Receipt for wine and kegs for the trip to the West
Source: NARA’s DocsTeach

Once the ink was dry on the Louisiana Purchase, Jefferson quickly appointed his personal secretary, Meriwether Lewis, to lead the expedition, and he sent him to Philadelphia to study botany, medicine, zoology, and celestial navigation.
Lewis also started buying supplies for the trip—lots and lots of supplies. The National Archives has in its holdings receipts for several of Lewis’ purchases, including one for wine and kegs, one for 130 rolls of pigtail tobacco, and one listed as “Indian Presents,” which included pipe tomahawks, red flannel and silk, ivory combs, beads of all descriptions, butcher knives, small mirrors, ribbon, bells, needle cases, scissors, lockets, earrings, rings, broaches, brass kettles, and corn mills.



Receipt for 130 rolls of pigtail tobacco
Source: NARA’s DocsTeach


List of Indian presents
Source: NARA’s DocsTeach

These receipts represent only the tip of the iceberg of Lewis’ and Clark’s purchases.

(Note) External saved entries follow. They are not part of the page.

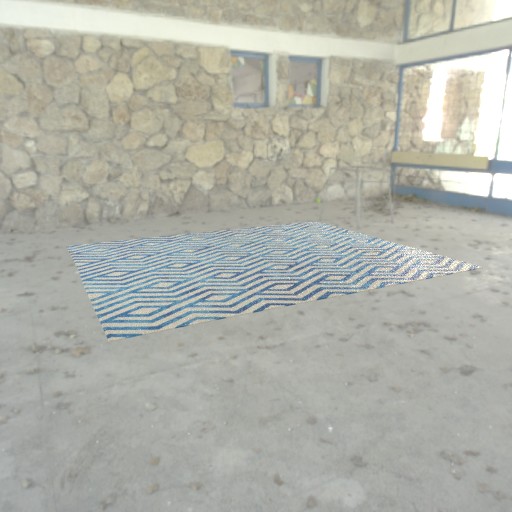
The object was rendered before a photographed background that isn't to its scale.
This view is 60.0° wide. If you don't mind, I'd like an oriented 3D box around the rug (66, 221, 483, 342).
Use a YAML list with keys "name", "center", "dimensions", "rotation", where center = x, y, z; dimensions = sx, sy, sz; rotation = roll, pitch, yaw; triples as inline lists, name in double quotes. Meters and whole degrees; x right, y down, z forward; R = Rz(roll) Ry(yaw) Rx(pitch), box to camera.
- name: "rug"
  center: [0.000, 0.000, 4.118]
  dimensions: [3.059, 0.008, 2.453]
  rotation: [-8, 17, -26]

Lewis bought more goods in Philadelphia, at the armory in Harper’s Ferry, and in Tennessee. He also drew from the public stores, for which he would not have been charged, items such as powder horns, shoes, knapsacks, inkstands, and blankets. When he reached St. Louis and met up with his co-captain, William Clark, they then purchased more odds and ends, including candles, vinegar, honey, and tools. They spent the winter of 1804 at Fort Mandan, near what is now Washburn, North Dakota, where they purchased yet more provisions—rations, whiskey, and salt—before they pushed off upstream for parts unknown on April 7, 1805.
Why did they need all this stuff? Well, it was a long, long trip—almost 8,000 miles, every mile of which they traversed by flatboat, canoe, and on foot, and there were no places to reprovision along the way. The members of the corps hunted and fished along the way to supplement their supplies, but practically everything else they needed, they had to carry with them. Furthermore, an important part of their mission was diplomacy—hence, the presents they carried to hand out to the Indians they met on their travels. Despite all their careful preparations, however, the expedition ran out of whiskey, salt, and tobacco before they reached St. Louis on their return trip.


Transaction Voided



Lincoln’s canceled paycheck
National Archives Identifier: 5743039

As a federal employee, the President of the United States draws a salary that he receives, just like every other worker. Dated April 5, 1865, this canceled check in the amount of $1,981.67 was for Lincoln’s monthly salary. At the time, the President’s yearly salary was $25,000.


Suspicious Purchase



Check for purchase of Alaska
National Archives Identifier: 301667

The National Archives has in its holdings a big, big treasury warrant (the equivalent of a canceled check): $7.2 million dated March 30, 1867, the equivalent of $140,753,675.68 in 2023 dollars. Secretary of State William Seward had brokered a deal with the Russian Minister to the United States Edourd de Stoeckl to sell Alaska to the U.S., thus putting an end to nearly 150 years of Russian exploration and colonization of that territory.
Seward had long been interested in acquiring Alaska, and Russia, weakened by the Crimean War and thus lacking the resources to keep exploring the area, first proposed selling it to the U.S. in 1959. The Civil War intervened, and Seward couldn’t devote his attention to the matter until 1867.
Many people roundly criticized the transaction—they just could not imagine what good such a remote and frozen territory would do to the country. They called Alaska “Seward’s Folly” and “Seward’s Icebox.” In 1896, the Klondike Gold Strike promptly ended all such objections.